== TASK OBJECTIVE ==
Start to finish, the listing must be rewritten exactly.

== EXCERPTED RECORDS ==
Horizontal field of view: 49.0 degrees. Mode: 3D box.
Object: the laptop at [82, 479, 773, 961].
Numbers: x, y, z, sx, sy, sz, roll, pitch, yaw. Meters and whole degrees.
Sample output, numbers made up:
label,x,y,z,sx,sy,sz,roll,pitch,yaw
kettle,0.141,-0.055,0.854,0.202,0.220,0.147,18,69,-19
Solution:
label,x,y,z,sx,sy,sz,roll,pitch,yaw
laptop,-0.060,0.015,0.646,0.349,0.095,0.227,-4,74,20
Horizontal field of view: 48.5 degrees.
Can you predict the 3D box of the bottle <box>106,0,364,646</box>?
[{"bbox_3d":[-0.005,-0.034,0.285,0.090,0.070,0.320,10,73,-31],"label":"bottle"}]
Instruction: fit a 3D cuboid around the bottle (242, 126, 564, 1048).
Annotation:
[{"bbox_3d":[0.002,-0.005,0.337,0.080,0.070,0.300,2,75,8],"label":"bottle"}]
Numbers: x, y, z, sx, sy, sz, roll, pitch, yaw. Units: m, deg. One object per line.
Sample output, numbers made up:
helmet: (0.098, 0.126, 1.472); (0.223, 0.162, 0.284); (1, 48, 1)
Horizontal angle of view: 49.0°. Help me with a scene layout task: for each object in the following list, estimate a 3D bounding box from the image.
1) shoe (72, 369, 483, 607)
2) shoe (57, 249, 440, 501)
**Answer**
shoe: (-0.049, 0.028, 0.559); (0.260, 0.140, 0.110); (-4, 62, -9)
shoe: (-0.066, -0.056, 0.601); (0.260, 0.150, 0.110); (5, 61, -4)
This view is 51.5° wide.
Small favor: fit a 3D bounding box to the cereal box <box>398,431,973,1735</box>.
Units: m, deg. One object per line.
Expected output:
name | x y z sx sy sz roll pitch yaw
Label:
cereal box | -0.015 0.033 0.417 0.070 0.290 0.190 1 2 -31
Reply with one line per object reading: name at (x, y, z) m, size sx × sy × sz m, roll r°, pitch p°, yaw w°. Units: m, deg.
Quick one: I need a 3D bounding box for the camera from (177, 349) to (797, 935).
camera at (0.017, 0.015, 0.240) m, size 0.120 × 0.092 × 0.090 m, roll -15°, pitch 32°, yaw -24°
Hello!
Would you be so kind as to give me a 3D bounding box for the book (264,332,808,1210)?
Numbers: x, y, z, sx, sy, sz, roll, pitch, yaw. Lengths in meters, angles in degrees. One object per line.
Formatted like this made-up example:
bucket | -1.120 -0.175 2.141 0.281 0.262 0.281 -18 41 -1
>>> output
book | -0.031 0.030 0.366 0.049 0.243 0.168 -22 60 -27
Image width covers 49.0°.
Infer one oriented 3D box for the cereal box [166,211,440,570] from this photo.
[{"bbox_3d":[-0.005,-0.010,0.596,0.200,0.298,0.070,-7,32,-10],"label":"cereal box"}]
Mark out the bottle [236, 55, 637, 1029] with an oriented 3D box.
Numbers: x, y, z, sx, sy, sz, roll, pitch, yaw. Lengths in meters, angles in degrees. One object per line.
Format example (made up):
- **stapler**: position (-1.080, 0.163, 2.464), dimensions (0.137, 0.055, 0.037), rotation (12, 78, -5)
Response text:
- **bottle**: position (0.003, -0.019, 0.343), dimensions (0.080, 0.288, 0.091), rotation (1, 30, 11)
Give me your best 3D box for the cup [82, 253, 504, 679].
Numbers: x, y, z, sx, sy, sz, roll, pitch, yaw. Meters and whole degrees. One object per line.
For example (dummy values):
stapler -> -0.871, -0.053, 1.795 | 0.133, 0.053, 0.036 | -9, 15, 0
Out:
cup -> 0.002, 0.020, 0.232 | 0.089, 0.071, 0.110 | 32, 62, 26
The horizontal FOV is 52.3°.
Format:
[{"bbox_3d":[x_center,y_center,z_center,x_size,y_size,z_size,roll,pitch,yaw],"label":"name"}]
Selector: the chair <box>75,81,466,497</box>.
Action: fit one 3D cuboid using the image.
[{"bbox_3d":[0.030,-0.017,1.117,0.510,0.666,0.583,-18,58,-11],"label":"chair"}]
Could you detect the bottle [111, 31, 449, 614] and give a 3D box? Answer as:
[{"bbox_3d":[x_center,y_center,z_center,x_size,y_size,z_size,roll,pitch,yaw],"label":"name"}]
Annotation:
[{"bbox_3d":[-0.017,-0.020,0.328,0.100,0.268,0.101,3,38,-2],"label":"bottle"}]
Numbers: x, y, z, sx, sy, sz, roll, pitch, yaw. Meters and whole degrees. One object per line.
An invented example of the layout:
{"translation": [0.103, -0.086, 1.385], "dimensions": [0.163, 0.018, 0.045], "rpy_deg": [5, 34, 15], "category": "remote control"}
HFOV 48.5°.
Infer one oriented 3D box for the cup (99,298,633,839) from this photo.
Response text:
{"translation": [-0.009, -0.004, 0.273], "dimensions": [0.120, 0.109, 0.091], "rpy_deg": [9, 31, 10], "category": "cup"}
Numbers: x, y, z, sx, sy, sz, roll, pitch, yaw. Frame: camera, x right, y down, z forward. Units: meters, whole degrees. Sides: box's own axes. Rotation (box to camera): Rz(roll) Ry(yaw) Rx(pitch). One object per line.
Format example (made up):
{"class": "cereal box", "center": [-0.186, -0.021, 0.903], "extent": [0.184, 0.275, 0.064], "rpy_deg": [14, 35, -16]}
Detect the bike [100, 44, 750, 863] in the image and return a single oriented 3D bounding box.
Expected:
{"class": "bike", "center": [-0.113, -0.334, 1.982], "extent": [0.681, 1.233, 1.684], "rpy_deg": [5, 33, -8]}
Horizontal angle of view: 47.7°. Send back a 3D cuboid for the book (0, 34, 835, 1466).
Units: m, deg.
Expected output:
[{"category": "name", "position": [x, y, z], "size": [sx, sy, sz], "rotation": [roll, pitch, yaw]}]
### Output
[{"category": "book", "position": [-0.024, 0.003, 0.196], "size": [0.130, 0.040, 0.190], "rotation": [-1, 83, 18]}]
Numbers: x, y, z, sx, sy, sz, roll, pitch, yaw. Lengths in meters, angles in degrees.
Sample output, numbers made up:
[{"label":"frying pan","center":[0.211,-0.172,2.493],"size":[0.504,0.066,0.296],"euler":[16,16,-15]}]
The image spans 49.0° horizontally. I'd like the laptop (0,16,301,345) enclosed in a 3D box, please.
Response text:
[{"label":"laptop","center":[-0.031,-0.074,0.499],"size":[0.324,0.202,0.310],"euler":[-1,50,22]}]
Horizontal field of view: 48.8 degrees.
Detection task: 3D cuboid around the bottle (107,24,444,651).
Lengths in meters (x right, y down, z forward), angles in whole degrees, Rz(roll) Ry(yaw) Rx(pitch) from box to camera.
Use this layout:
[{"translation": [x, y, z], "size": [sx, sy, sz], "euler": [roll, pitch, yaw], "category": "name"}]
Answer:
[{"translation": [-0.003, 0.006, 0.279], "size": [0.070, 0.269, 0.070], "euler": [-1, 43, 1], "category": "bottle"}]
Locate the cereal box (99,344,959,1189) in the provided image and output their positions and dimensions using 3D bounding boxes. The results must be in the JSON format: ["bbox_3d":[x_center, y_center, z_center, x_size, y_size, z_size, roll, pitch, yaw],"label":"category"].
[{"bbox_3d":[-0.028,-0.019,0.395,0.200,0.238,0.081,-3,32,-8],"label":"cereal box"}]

== EXERCISE ANSWER ==
Horizontal field of view: 49.0 degrees. Mode: 3D box.
Object: the laptop at [82, 479, 773, 961].
Numbers: x, y, z, sx, sy, sz, roll, pitch, yaw. Meters and whole degrees.
Sample output, numbers made up:
label,x,y,z,sx,sy,sz,roll,pitch,yaw
kettle,0.141,-0.055,0.854,0.202,0.220,0.147,18,69,-19
Solution:
label,x,y,z,sx,sy,sz,roll,pitch,yaw
laptop,-0.060,0.015,0.646,0.349,0.095,0.227,-4,74,20
Horizontal field of view: 48.5 degrees.
Can you predict the 3D box of the bottle <box>106,0,364,646</box>?
[{"bbox_3d":[-0.005,-0.034,0.285,0.090,0.070,0.320,10,73,-31],"label":"bottle"}]
Instruction: fit a 3D cuboid around the bottle (242, 126, 564, 1048).
Annotation:
[{"bbox_3d":[0.002,-0.005,0.337,0.080,0.070,0.300,2,75,8],"label":"bottle"}]
Numbers: x, y, z, sx, sy, sz, roll, pitch, yaw. Units: m, deg. One object per line.
Sample output, numbers made up:
helmet: (0.098, 0.126, 1.472); (0.223, 0.162, 0.284); (1, 48, 1)
Horizontal angle of view: 49.0°. Help me with a scene layout task: for each object in the following list, estimate a 3D bounding box from the image.
1) shoe (72, 369, 483, 607)
2) shoe (57, 249, 440, 501)
**Answer**
shoe: (-0.049, 0.028, 0.559); (0.260, 0.140, 0.110); (-4, 62, -9)
shoe: (-0.066, -0.056, 0.601); (0.260, 0.150, 0.110); (5, 61, -4)
This view is 51.5° wide.
Small favor: fit a 3D bounding box to the cereal box <box>398,431,973,1735</box>.
Units: m, deg. One object per line.
Expected output:
name | x y z sx sy sz roll pitch yaw
Label:
cereal box | -0.015 0.033 0.417 0.070 0.290 0.190 1 2 -31
Reply with one line per object reading: name at (x, y, z) m, size sx × sy × sz m, roll r°, pitch p°, yaw w°. Units: m, deg.
Quick one: I need a 3D bounding box for the camera from (177, 349) to (797, 935).
camera at (0.017, 0.015, 0.240) m, size 0.120 × 0.092 × 0.090 m, roll -15°, pitch 32°, yaw -24°
Hello!
Would you be so kind as to give me a 3D bounding box for the book (264,332,808,1210)?
Numbers: x, y, z, sx, sy, sz, roll, pitch, yaw. Lengths in meters, angles in degrees. One object per line.
Formatted like this made-up example:
bucket | -1.120 -0.175 2.141 0.281 0.262 0.281 -18 41 -1
>>> output
book | -0.031 0.030 0.366 0.049 0.243 0.168 -22 60 -27
Image width covers 49.0°.
Infer one oriented 3D box for the cereal box [166,211,440,570] from this photo.
[{"bbox_3d":[-0.005,-0.010,0.596,0.200,0.298,0.070,-7,32,-10],"label":"cereal box"}]
Mark out the bottle [236, 55, 637, 1029] with an oriented 3D box.
Numbers: x, y, z, sx, sy, sz, roll, pitch, yaw. Lengths in meters, angles in degrees. One object per line.
Format example (made up):
- **stapler**: position (-1.080, 0.163, 2.464), dimensions (0.137, 0.055, 0.037), rotation (12, 78, -5)
Response text:
- **bottle**: position (0.003, -0.019, 0.343), dimensions (0.080, 0.288, 0.091), rotation (1, 30, 11)
Give me your best 3D box for the cup [82, 253, 504, 679].
Numbers: x, y, z, sx, sy, sz, roll, pitch, yaw. Meters and whole degrees. One object per line.
For example (dummy values):
stapler -> -0.871, -0.053, 1.795 | 0.133, 0.053, 0.036 | -9, 15, 0
Out:
cup -> 0.002, 0.020, 0.232 | 0.089, 0.071, 0.110 | 32, 62, 26
The horizontal FOV is 52.3°.
Format:
[{"bbox_3d":[x_center,y_center,z_center,x_size,y_size,z_size,roll,pitch,yaw],"label":"name"}]
Selector: the chair <box>75,81,466,497</box>.
Action: fit one 3D cuboid using the image.
[{"bbox_3d":[0.030,-0.017,1.117,0.510,0.666,0.583,-18,58,-11],"label":"chair"}]
Could you detect the bottle [111, 31, 449, 614] and give a 3D box? Answer as:
[{"bbox_3d":[x_center,y_center,z_center,x_size,y_size,z_size,roll,pitch,yaw],"label":"name"}]
Annotation:
[{"bbox_3d":[-0.017,-0.020,0.328,0.100,0.268,0.101,3,38,-2],"label":"bottle"}]
Numbers: x, y, z, sx, sy, sz, roll, pitch, yaw. Meters and whole degrees. One object per line.
An invented example of the layout:
{"translation": [0.103, -0.086, 1.385], "dimensions": [0.163, 0.018, 0.045], "rpy_deg": [5, 34, 15], "category": "remote control"}
HFOV 48.5°.
Infer one oriented 3D box for the cup (99,298,633,839) from this photo.
Response text:
{"translation": [-0.009, -0.004, 0.273], "dimensions": [0.120, 0.109, 0.091], "rpy_deg": [9, 31, 10], "category": "cup"}
Numbers: x, y, z, sx, sy, sz, roll, pitch, yaw. Frame: camera, x right, y down, z forward. Units: meters, whole degrees. Sides: box's own axes. Rotation (box to camera): Rz(roll) Ry(yaw) Rx(pitch). One object per line.
Format example (made up):
{"class": "cereal box", "center": [-0.186, -0.021, 0.903], "extent": [0.184, 0.275, 0.064], "rpy_deg": [14, 35, -16]}
Detect the bike [100, 44, 750, 863] in the image and return a single oriented 3D bounding box.
Expected:
{"class": "bike", "center": [-0.113, -0.334, 1.982], "extent": [0.681, 1.233, 1.684], "rpy_deg": [5, 33, -8]}
Horizontal angle of view: 47.7°. Send back a 3D cuboid for the book (0, 34, 835, 1466).
Units: m, deg.
Expected output:
[{"category": "name", "position": [x, y, z], "size": [sx, sy, sz], "rotation": [roll, pitch, yaw]}]
### Output
[{"category": "book", "position": [-0.024, 0.003, 0.196], "size": [0.130, 0.040, 0.190], "rotation": [-1, 83, 18]}]
Numbers: x, y, z, sx, sy, sz, roll, pitch, yaw. Lengths in meters, angles in degrees.
Sample output, numbers made up:
[{"label":"frying pan","center":[0.211,-0.172,2.493],"size":[0.504,0.066,0.296],"euler":[16,16,-15]}]
The image spans 49.0° horizontally. I'd like the laptop (0,16,301,345) enclosed in a 3D box, please.
Response text:
[{"label":"laptop","center":[-0.031,-0.074,0.499],"size":[0.324,0.202,0.310],"euler":[-1,50,22]}]
Horizontal field of view: 48.8 degrees.
Detection task: 3D cuboid around the bottle (107,24,444,651).
Lengths in meters (x right, y down, z forward), angles in whole degrees, Rz(roll) Ry(yaw) Rx(pitch) from box to camera.
Use this layout:
[{"translation": [x, y, z], "size": [sx, sy, sz], "euler": [roll, pitch, yaw], "category": "name"}]
Answer:
[{"translation": [-0.003, 0.006, 0.279], "size": [0.070, 0.269, 0.070], "euler": [-1, 43, 1], "category": "bottle"}]
Locate the cereal box (99,344,959,1189) in the provided image and output their positions and dimensions using 3D bounding boxes. The results must be in the JSON format: ["bbox_3d":[x_center, y_center, z_center, x_size, y_size, z_size, roll, pitch, yaw],"label":"category"].
[{"bbox_3d":[-0.028,-0.019,0.395,0.200,0.238,0.081,-3,32,-8],"label":"cereal box"}]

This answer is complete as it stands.